When tested in stress conditions, all three acted as “molecular sponges”, preventing other proteins from clumping together. That’s a crucial step for the parasite’s survival during fever. But their protective strength varied: one offered the most consistent defence, while the other lost structure more easily.
These findings suggest that the parasite may rely on a team effort among the three, each taking on a slightly different role during stress.
So we asked: could natural compounds found in plants disrupt these bodyguards? Our team focused on quercetin, a plant-based flavonoid. Flavonoids are among the compounds that give plants their bright colours, like red in apples, purple in berries, or yellow in lemons. They help protect plants from sunlight, pests and disease. These are abundant in apples, onions and berries. Quercetin is already known for its antioxidant and anti-inflammatory properties. Some studies have already hinted that it might slow down malaria parasites.
When we exposed the parasite proteins to quercetin, we observed remarkable effects. The compound destabilised the small heat shock proteins, altering their shape and reducing their ability to protect other proteins. In simple terms, quercetin appeared to confuse or weaken the parasite’s bodyguards.

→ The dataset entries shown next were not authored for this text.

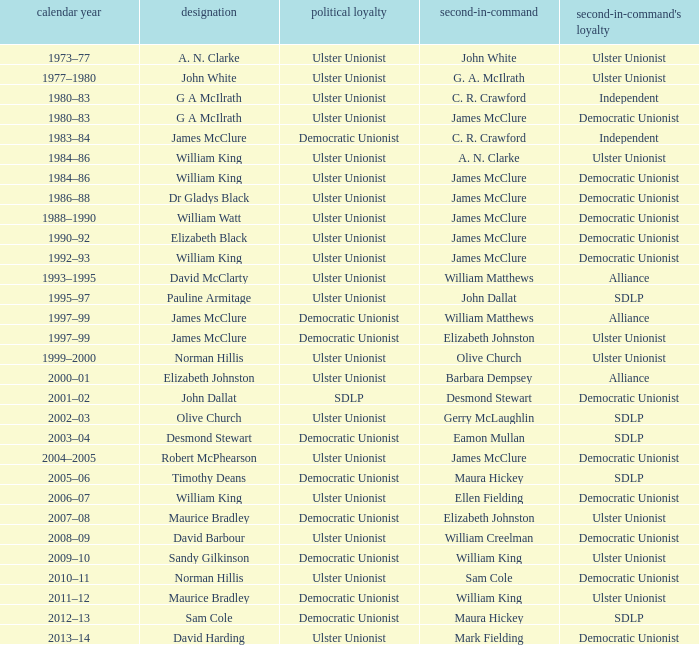What is the Name for 1997–99? James McClure, James McClure. 
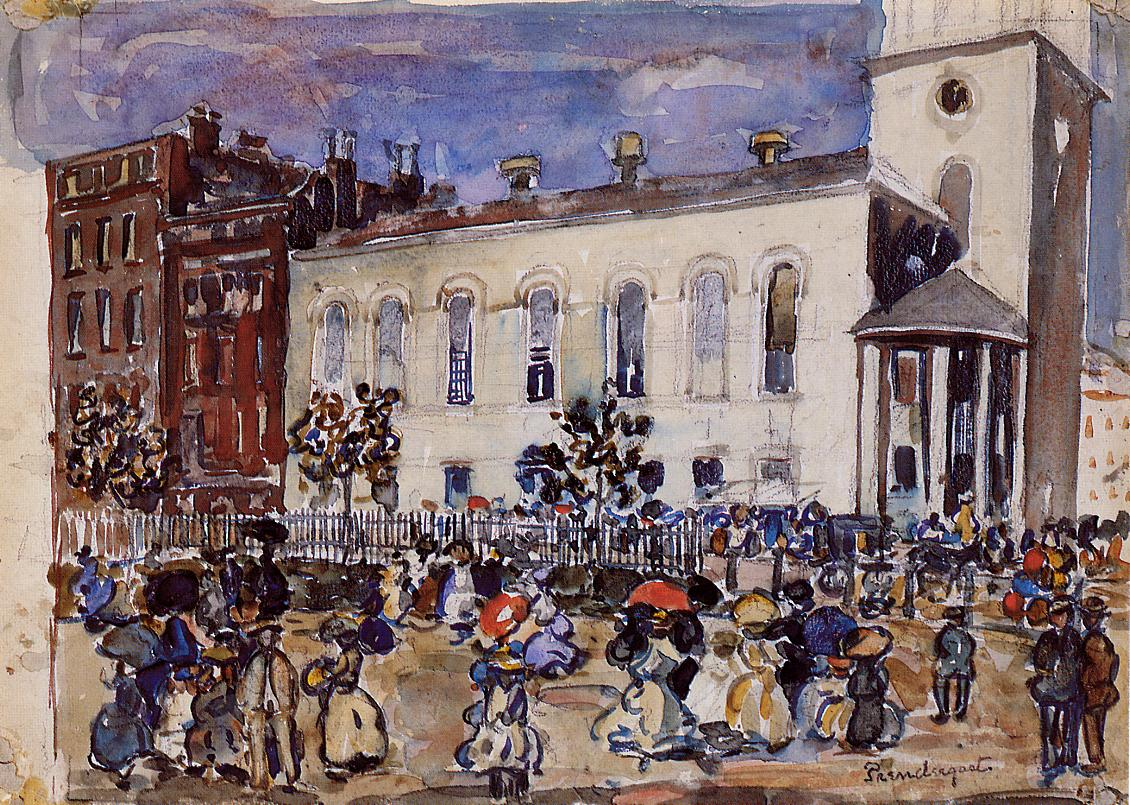Can you discuss the social aspects depicted in this street scene? This painting captures a slice of social life from an era suggestive of the early 20th century. It shows a diverse array of individuals engaged in daily activities, highlighting social interactions like conversations, trading, and children at play. The mix of classes suggested by varying attires, from more formal coats and hats to simpler, working-class garments, reflects the social dynamics of the time, offering a window into the historical social fabric. How does the architectural style contribute to the painting's overall mood? The architecture, characterized by Classical motifs, exudes a sense of stability and order. Its robust and enduring presence contrasts sharply with the transient, fluid motion of the people and street activities, thus adding a poignant backdrop that enhances the emotional depth of the scene. The stark whites and structured lines of the buildings also serve as a visual anchor in the lively, somewhat chaotic street life. 
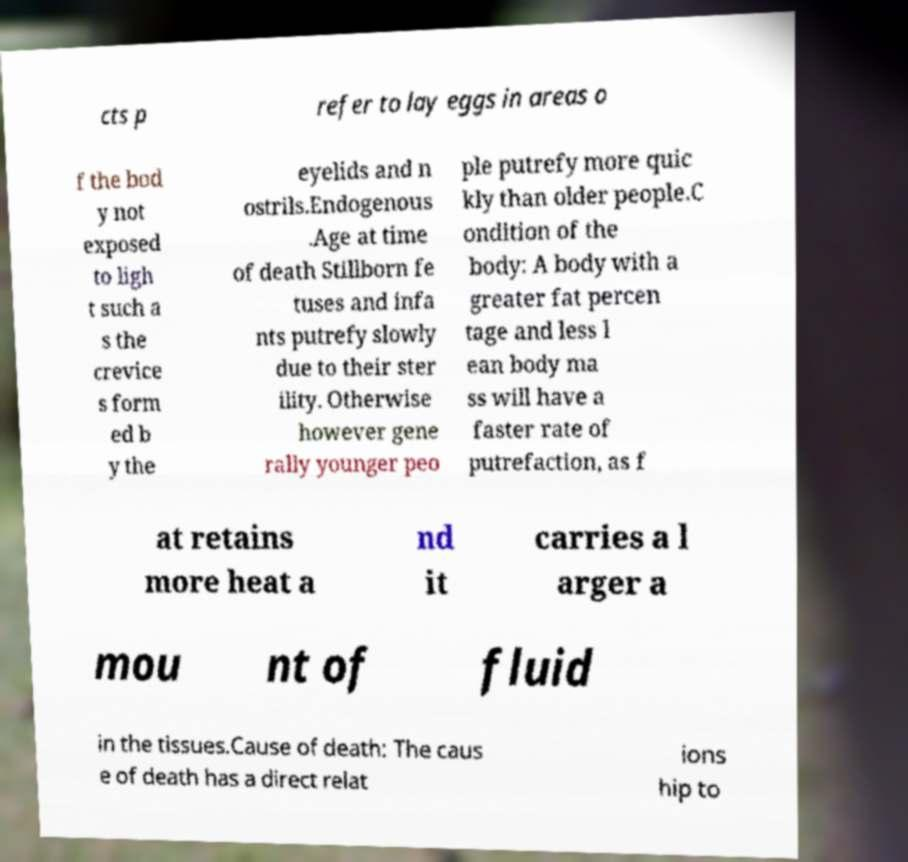For documentation purposes, I need the text within this image transcribed. Could you provide that? cts p refer to lay eggs in areas o f the bod y not exposed to ligh t such a s the crevice s form ed b y the eyelids and n ostrils.Endogenous .Age at time of death Stillborn fe tuses and infa nts putrefy slowly due to their ster ility. Otherwise however gene rally younger peo ple putrefy more quic kly than older people.C ondition of the body: A body with a greater fat percen tage and less l ean body ma ss will have a faster rate of putrefaction, as f at retains more heat a nd it carries a l arger a mou nt of fluid in the tissues.Cause of death: The caus e of death has a direct relat ions hip to 
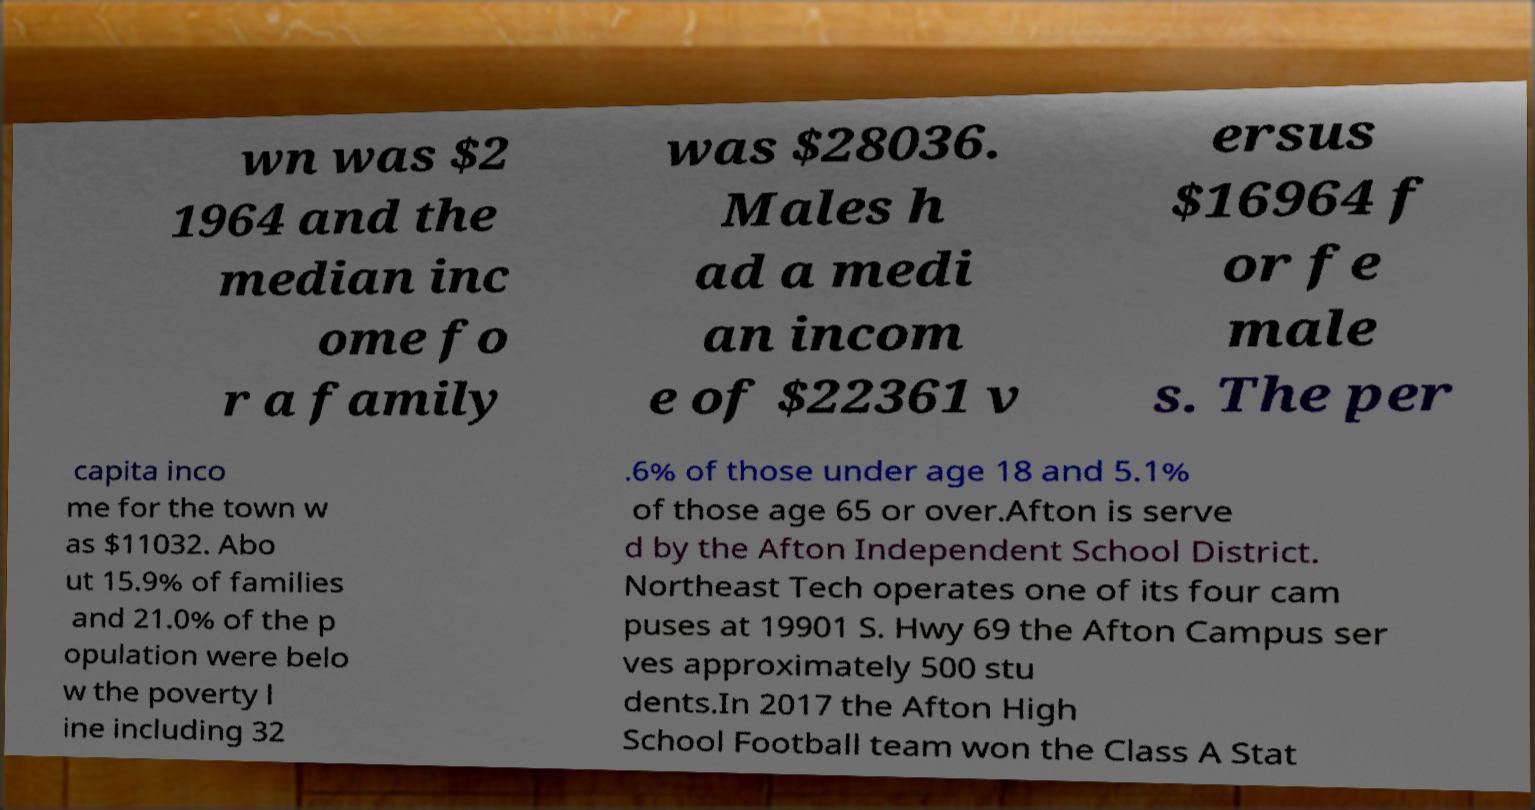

Further tests confirmed that quercetin also slowed the growth of malaria parasites in laboratory cultures. When malaria parasites were grown in controlled laboratory conditions and exposed to quercetin, they multiplied more slowly than usual, including strains that are resistant to standard drugs. This is encouraging because it suggests that quercetin itself, or new medicines made to work like it but even more strongly, could become the starting point for developing a new type of antimalarial drug in the future.
Moreover, small heat shock proteins kick in when the parasite’s energy supply, known as ATP, the cell’s main “fuel”, runs very low. In simple terms, when the parasite is close to running out of energy and facing danger, these proteins act as its last line of defence.
Next steps
Our findings point to the possibility of drugs being designed that shut down these ATP-independent helpers and strike the parasite precisely when it is weakest.
Although quercetin itself is a natural compound found in many foods, its potency and stability are not yet strong enough for clinical use. The team envisions chemical modification of quercetin’s structure to create derivatives with enhanced activity and better drug-like properties.
As global efforts to eliminate malaria face growing challenges from drug resistance, innovations like this provide renewed hope. By turning the parasite’s own survival machinery against it, scientists may have found a subtle but powerful way to outsmart one of humanity’s oldest foes.